Connecticut Supreme Court to hear landmark education case
HARTFORD (AP) — A judge's landmark ruling that declared Connecticut's system for funding its public schools unconstitutional is set to go before the state Supreme Court.
Justices are scheduled to hear arguments Thursday in the state's appeal of the ruling. The hearing comes as Democratic Gov. Dannel P. Malloy and legislators are mired in a budget impasse that includes debate over how the state should distribute education aid to cities and towns.
In September 2016, Superior Court Judge Thomas Moukawsher ordered state officials to develop plans for an overhaul of the state's public education system within six months, saying a huge gap in test scores between students in rich and poor towns shows parts of the system are unconstitutional.
Moukawsher ordered the state to submit proposed reforms to the court to revamp its formula for providing education aid to cities and towns, develop a statewide high school graduation standard such as a test, make eighth-graders show they have acquired the skills to move on to high school, and replace what he called a weak statewide system of teacher evaluation and compensation.
The judge also declared the state's program for special education spending "irrational," saying the process by which students get chosen for special education is "mostly arbitrary and depends not on rational criteria but on where children live and what pressures the system faces in their name."
"Beyond a reasonable doubt, Connecticut is defaulting on its constitutional duty to provide adequate public school opportunities because it has no rational, substantial and verifiable plan to distribute money for education aid and school construction," Moukawsher wrote in the decision.
The ruling came in a lawsuit filed in 2005 against the state by the Connecticut Coalition for Justice in Education Funding, a nonprofit group that includes cities, towns, local boards of education, parent groups and public school students.
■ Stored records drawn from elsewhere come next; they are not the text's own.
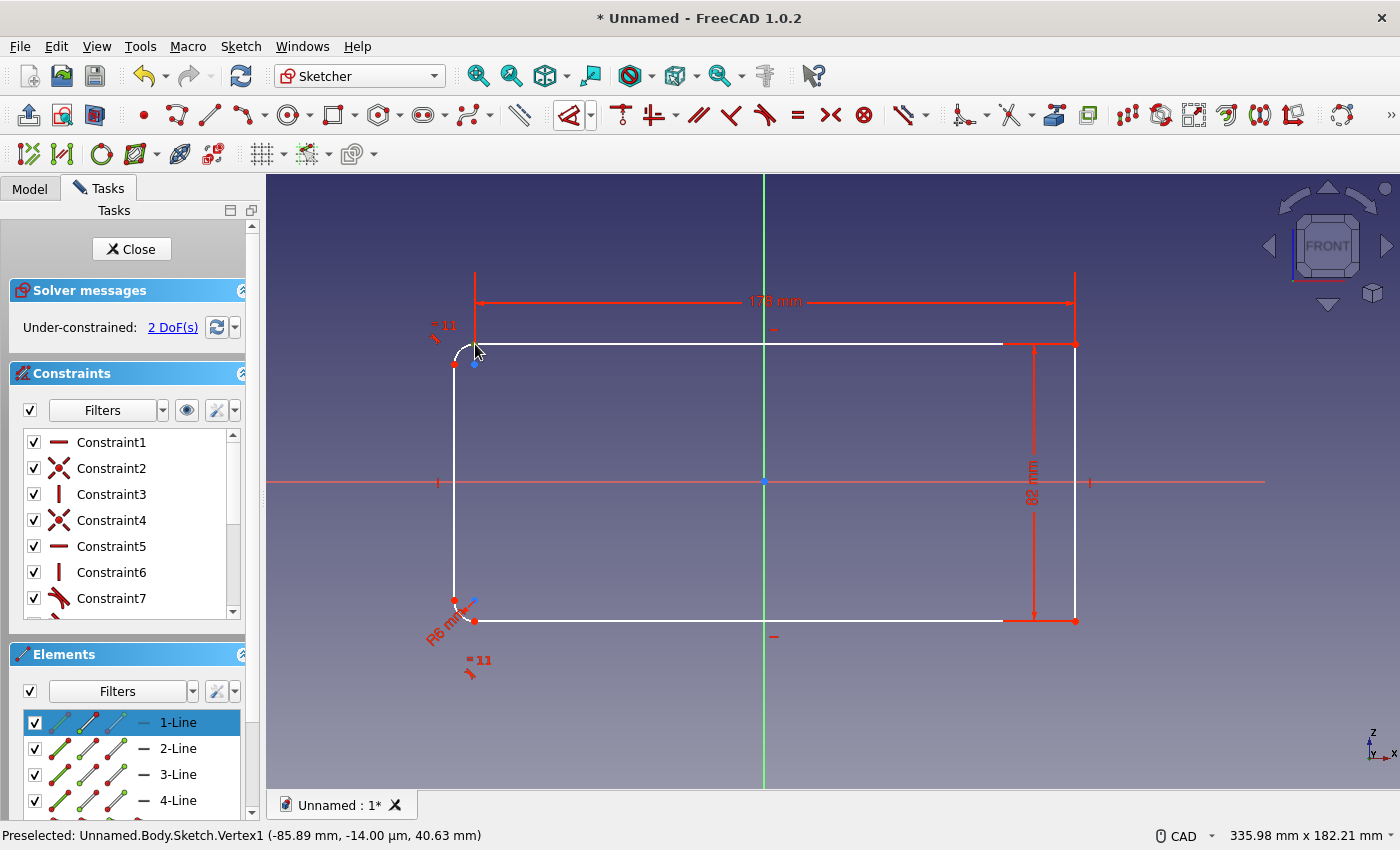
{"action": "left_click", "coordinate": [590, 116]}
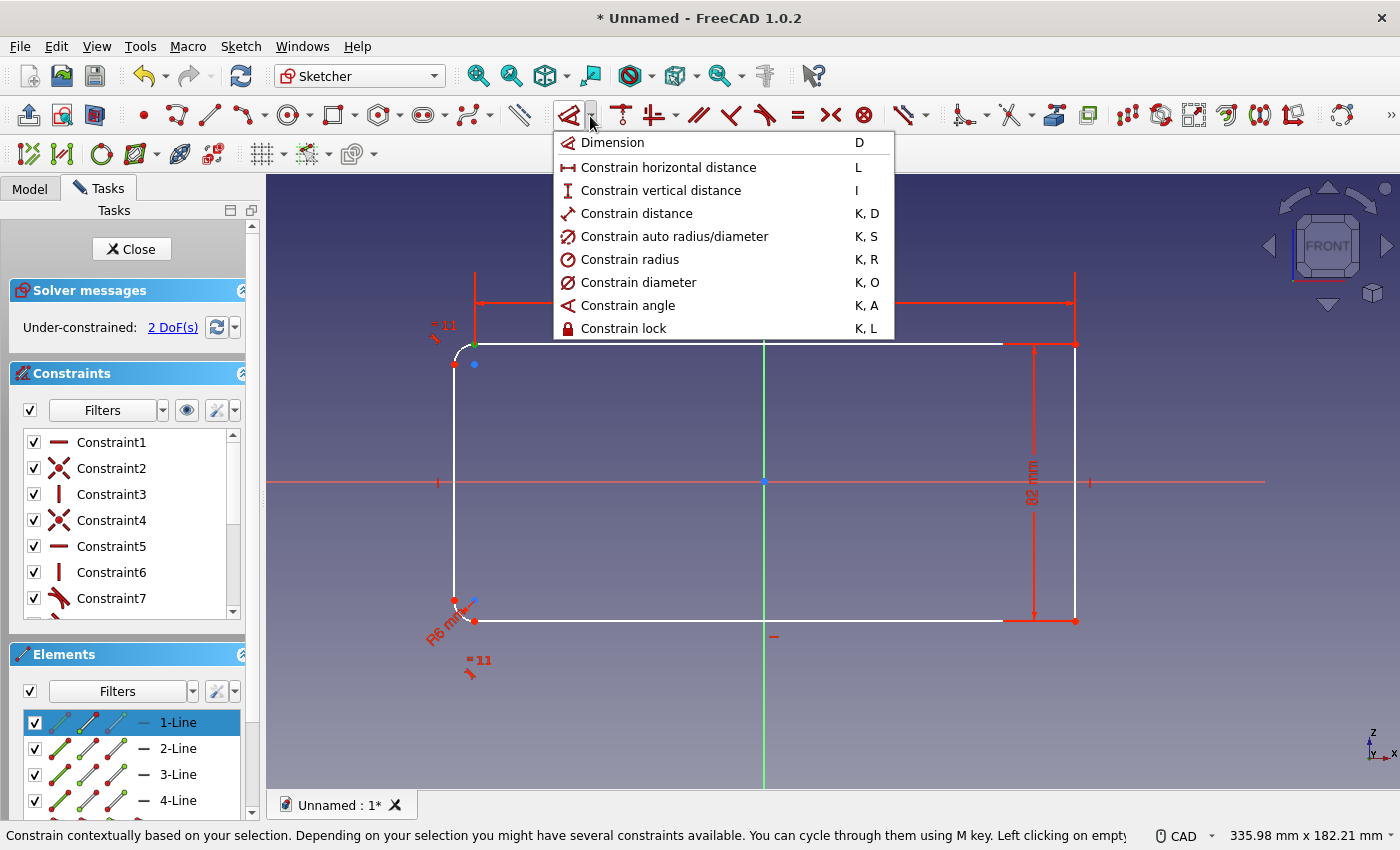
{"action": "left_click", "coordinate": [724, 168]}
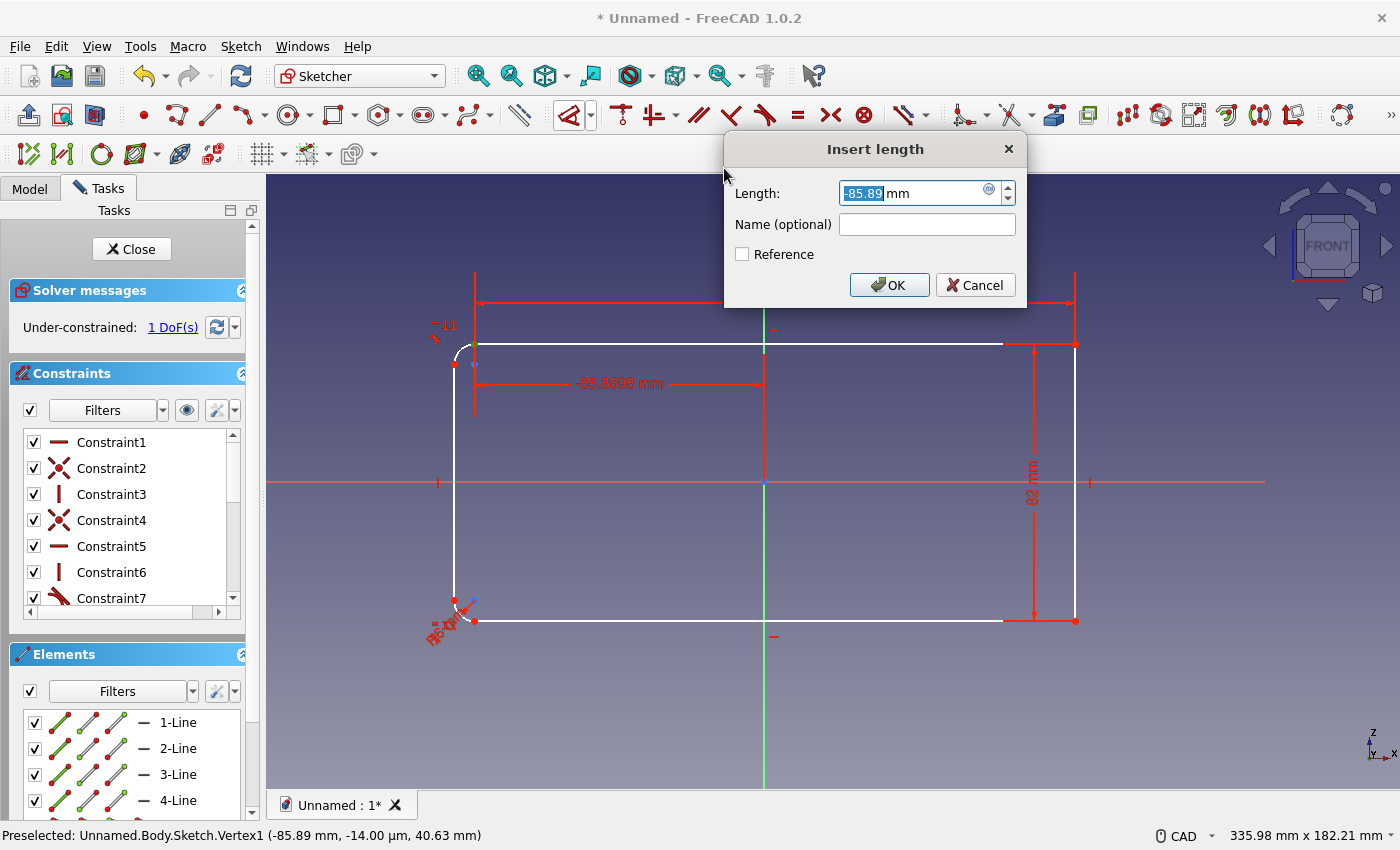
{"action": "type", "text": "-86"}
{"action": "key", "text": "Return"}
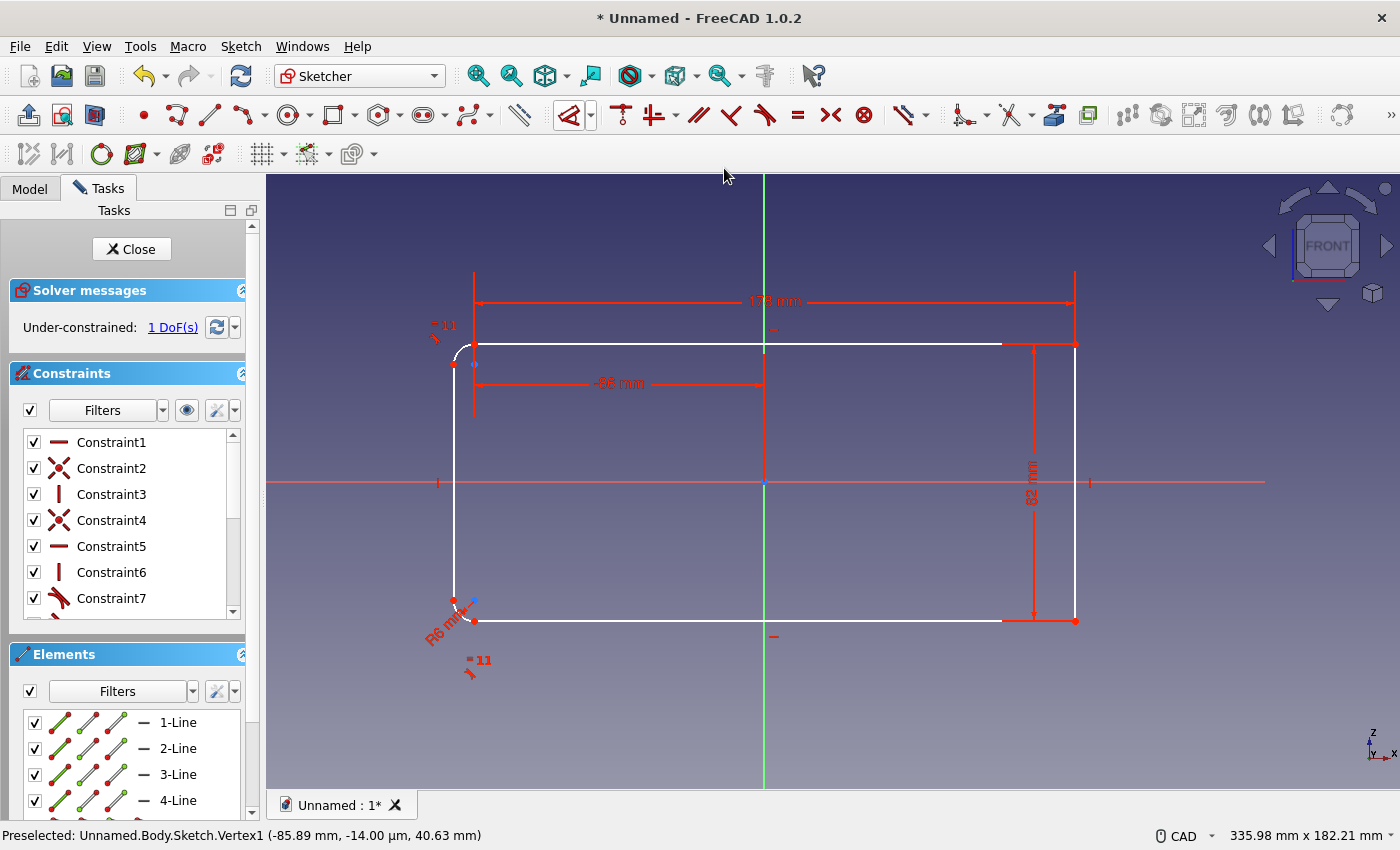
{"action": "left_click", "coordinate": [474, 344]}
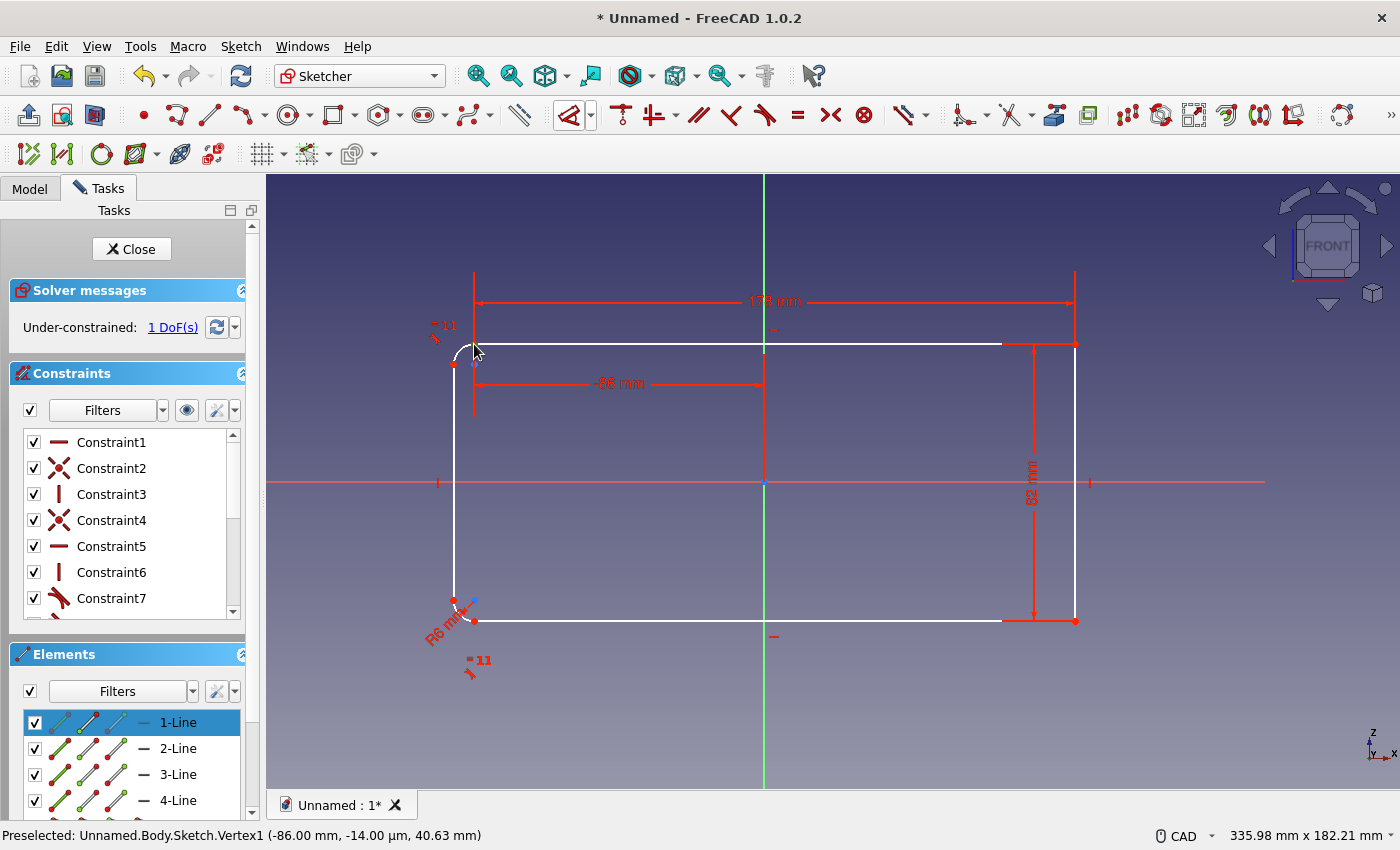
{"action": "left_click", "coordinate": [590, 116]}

More than 50 parents and students were also named as plaintiffs.
The coalition alleges the state isn't providing adequate education funding to cities and towns and isn't meeting its constitutional obligation to provide all students with adequate educations. It says vast differences in test results, graduation rates and other factors between rich and poor towns show the funding system isn't fair.
"The future of K through 12 public education is at stake in this case," said James Finley Jr., the coalition's principal consultant for operations and government relations. "It's been a long road. We're happy we finally have our day before the Supreme Court."
The state attorney general's office, which is defending the state against the lawsuit, declined to comment.
Democratic Attorney General George Jepsen has said the legislative and executive branches of government are responsible for setting education policy, not a single judge.
"This decision would wrest educational policy from the representative branches of state government, limit public education for some students with special needs, create additional municipal mandates concerning graduation and other standards, and alter the basic terms of educators' employment — and entrust all of those matters to the discretion of a single, unelected judge," Jepsen said in a statement a week after the ruling.